IDF’s virus squad, now fully operational, readies for feared winter outbreaks

Military task force close to having capabilities for 100,000 tests and 4,000 tracing probes a day, but efforts may be harmed by high levels of non-cooperation among public

Judah Ari Gross is The Times of Israel's military correspondent.

IDF soldiers perform contact tracing for coronavirus patients. (Israel Defense Forces)
IDF soldiers perform contact tracing for coronavirus patients. (Israel Defense Forces)

With the Israel Defense Forces’ coronavirus task force fully operational, the military is working to ensure that it is prepared to handle outbreaks expected in the coming winter, the commander of the unit said Thursday.

“We’ve had good achievements in recent weeks. We’ve doubled, even tripled the capabilities of the State of Israel in terms of sampling, testing and epidemiological surveys. We are in the last two weeks of developing our abilities and then we’ll enter into our efforts for November in preparation for our missions for the winter,” said Brig. Gen. Nissan Davidi.

In the coming weeks, the military plans to be able to perform 100,000 coronavirus tests and conduct upwards of 4,000 contact tracing probes each day, which it believes will allow it to prevent widespread outbreaks.

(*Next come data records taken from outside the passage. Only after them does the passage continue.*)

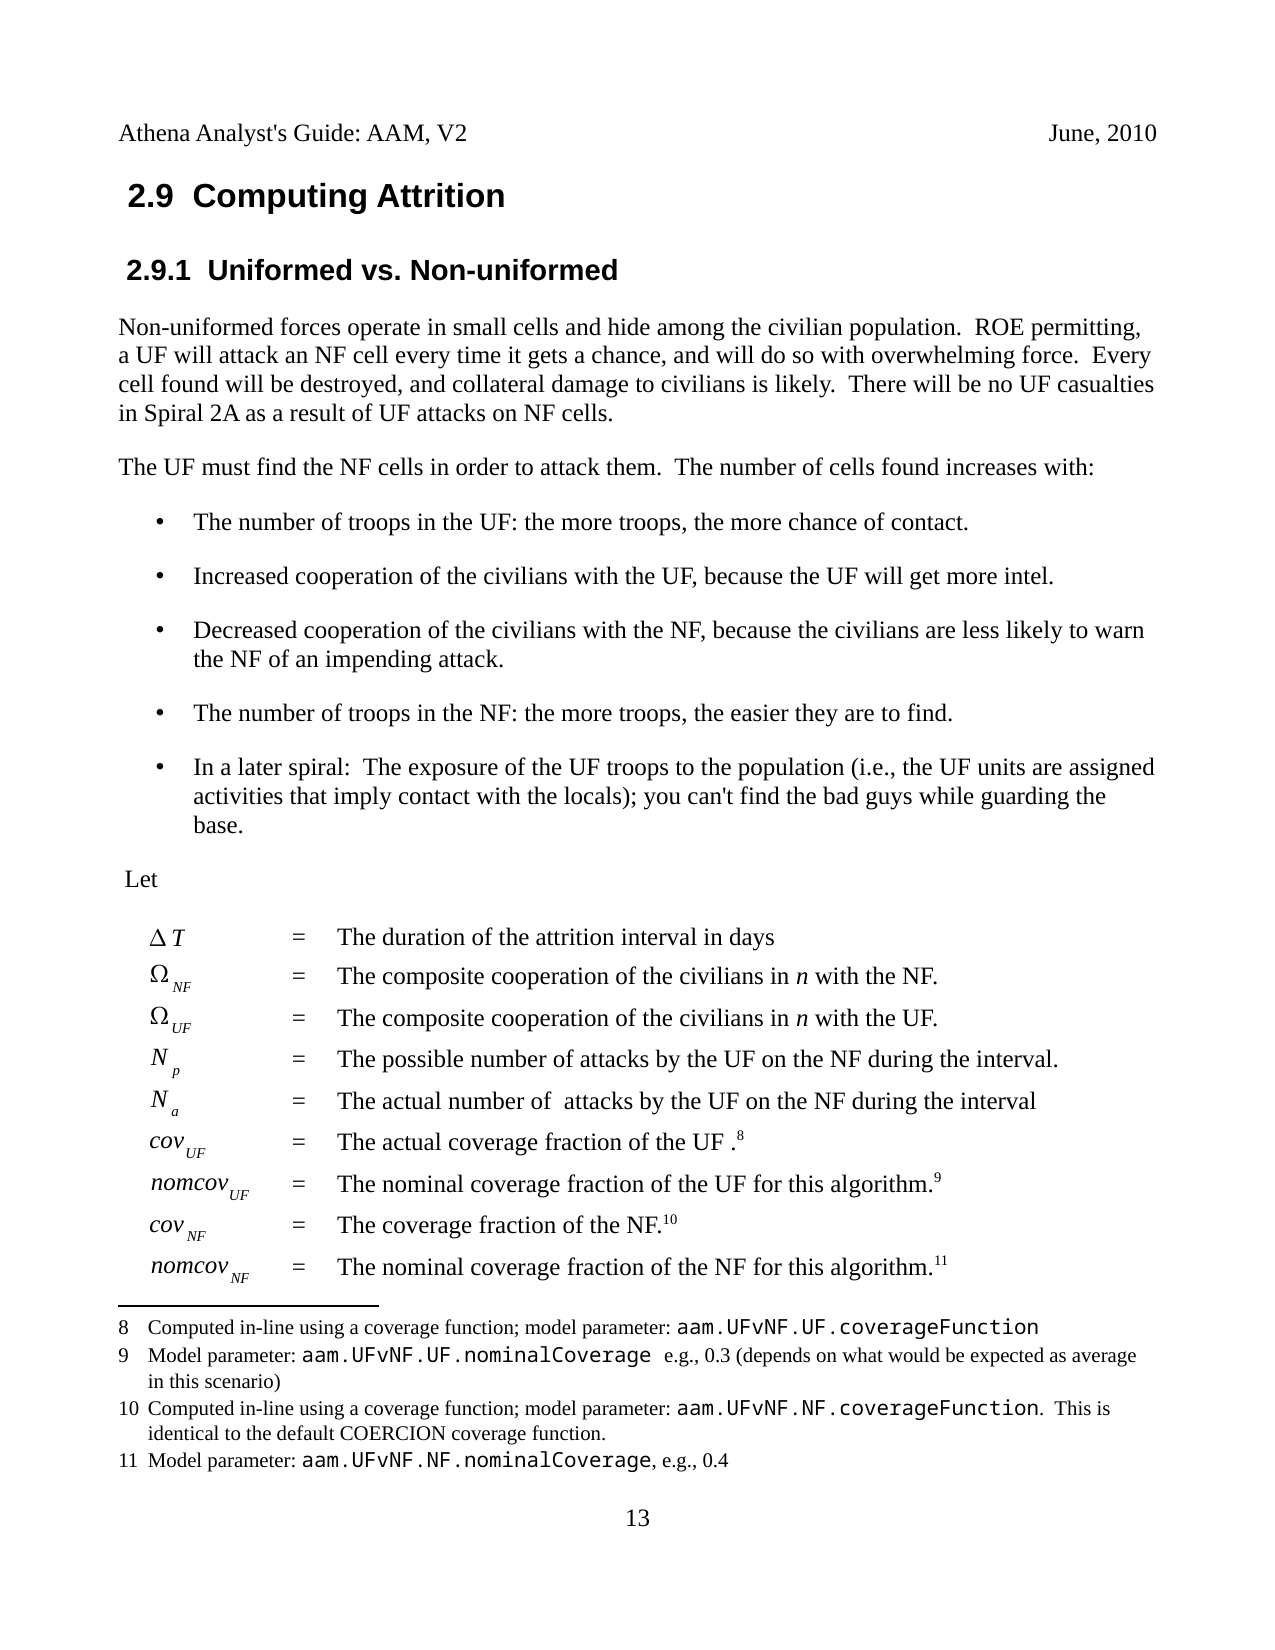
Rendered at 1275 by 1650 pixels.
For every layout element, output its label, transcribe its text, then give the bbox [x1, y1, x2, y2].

text = The actual coverage fraction of the UF . [149, 1121, 1157, 1162]
subtitle Uniformed vs. Non-uniformed [118, 253, 1157, 286]
list The number of troops in the NF: the more troops, the easier they are to find. [156, 698, 1157, 727]
text Let [118, 864, 1157, 893]
text = The nominal coverage fraction of the NF for this algorithm. [149, 1246, 1157, 1287]
text = The composite cooperation of the civilians in n with the NF. [149, 954, 1157, 996]
text = The composite cooperation of the civilians in n with the UF. [149, 996, 1157, 1038]
text Computed in-line using a coverage function; model parameter: aam.UFvNF.UF.coverageFunction [118, 1312, 1157, 1340]
text = The possible number of attacks by the UF on the NF during the interval. [149, 1038, 1157, 1079]
list Decreased cooperation of the civilians with the NF, because the civilians are less likely to warn the NF of an impending attack. [156, 615, 1157, 673]
text = The coverage fraction of the NF. [149, 1204, 1157, 1246]
text Computed in-line using a coverage function; model parameter: aam.UFvNF.NF.coverageFunction. This is identical to the default COERCION coverage function. [118, 1393, 1157, 1445]
list In a later spiral: The exposure of the UF troops to the population (i.e., the UF units are assigned activities that imply contact with the locals); you can't find the bad guys while guarding the base. [156, 752, 1157, 839]
text = The nominal coverage fraction of the UF for this algorithm. [149, 1162, 1157, 1204]
text Non-uniformed forces operate in small cells and hide among the civilian population. ROE permitting, a UF will attack an NF cell every time it gets a chance, and will do so with overwhelming force. Every cell found will be destroyed, and collateral damage to civilians is likely. There will be no UF casualties in Spiral 2A as a result of UF attacks on NF cells. [118, 312, 1157, 427]
text Model parameter: aam.UFvNF.UF.nominalCoverage e.g., 0.3 (depends on what would be expected as average in this scenario) [118, 1340, 1157, 1393]
text Model parameter: aam.UFvNF.NF.nominalCoverage, e.g., 0.4 [118, 1445, 1157, 1474]
text = The duration of the attrition interval in days [149, 918, 1157, 954]
list The number of troops in the UF: the more troops, the more chance of contact. [156, 507, 1157, 535]
list Increased cooperation of the civilians with the UF, because the UF will get more intel. [156, 561, 1157, 590]
text The UF must find the NF cells in order to attack them. The number of cells found increases with: [118, 452, 1157, 481]
text = The actual number of attacks by the UF on the NF during the interval [149, 1079, 1157, 1121]
subtitle Computing Attrition [118, 176, 1157, 215]

Before elementary schools begin to reopen, the IDF will offer coronavirus tests to all of the relevant staff, including teachers from grades one to four. However, it is legally prohibited from requiring that all teachers be tested before they return to work, so the effort will be on a voluntary basis.

But while the task force has high hopes and grand ambitions, it is also keenly aware of the limitations of its powers: If people don’t cooperate with the tracing surveys, don’t give honest and full answers, and if those they’ve been in contact with don’t go into quarantine, all of the military’s efforts will be for naught.

The military’s ‘Alon’ coronavirus task force on the Home Front Command’s base in Ramle. (Israel Defense Forces)

Indeed, roughly half of those questioned for contact tracing are believed to not give full or truthful answers, according to the military’s estimate.

On Wednesday, IDF Chief of Staff Aviv Kohavi called for cooperation with the contact tracers in order to ensure that they are able to find people who may have contracted the virus and prevent further outbreaks.

“This task force will not be effective if there is not cooperation [from] the public. I am here asking: Work with the task force, give full reports. We can beat this, but that requires cooperation,” Kohavi said.

The task force has also recently detected a potentially worrying trend regarding self-isolation: Currently, nearly 40 percent of people who are meant to go into quarantine do not report to the Health Ministry that they are doing so, according to military findings.

Currently, when a person is informed via text message that they are required to go into quarantine because they have been in contact with a confirmed coronavirus carrier, they are meant to visit the Health Ministry’s website and file a report that they are self-isolating, where and for how long.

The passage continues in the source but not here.